I am coding in python and my problem is the following:
I am trying to match regex for products that are described in a specific way. Let's say product 1 is ABC + alphanumeric characters or symbols (e.g. ABC123-xyz, ABC123def) and product 2 is AB + alpha numeric characters or symbols (e.g. AB123xY-z, AB123deF). I need to retrieve the full name but also the root. The root is case-sensitive, if not I could have used IgnoreCase = True.
My first attempt to match those was, for full name :
r"\bAB[^a-zA-Z\s][^,.\s]+"
for root :
\r"\bAB"
The root would match would match all examples of product 2 , but also the examples of product 1 (since AB is included in ABC) outputing AB in all cases.

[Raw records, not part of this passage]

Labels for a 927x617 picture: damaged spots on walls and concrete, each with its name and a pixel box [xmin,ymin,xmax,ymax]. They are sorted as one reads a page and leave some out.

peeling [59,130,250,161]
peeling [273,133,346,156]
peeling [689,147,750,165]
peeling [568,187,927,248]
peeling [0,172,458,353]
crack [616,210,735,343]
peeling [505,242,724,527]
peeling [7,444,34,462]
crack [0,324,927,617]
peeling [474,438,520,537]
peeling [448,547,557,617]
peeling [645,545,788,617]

The solution I have found is the following for the full text:
r"\b(?:AB(?!C))[^a-zA-Z\s][^,.\s]+"
For the root:
r"\b(?:AB(?!C))"
Which enabled me to match both products distinctively.
The use of ?:
is to match a non-capturing group (https://stackoverflow.com/a/11530881/14682360) without it, it would output only "AB" as a group.
The use of (?!C)
is to indicate a negative lookahead, which ensures that "C" is not after any "AB" matching group. For my personal use, I specified all the characters that would make the product selection intertwine (i.e. AB and ABC, DE and DEF etc.)
The use of [^a-zA-Z\s][^,.\s]+
is to match match a number or a symbol in my case and stop at an escape character that is a comma, full stop or white space.
This being said, I am sure that there are better ways of doing it.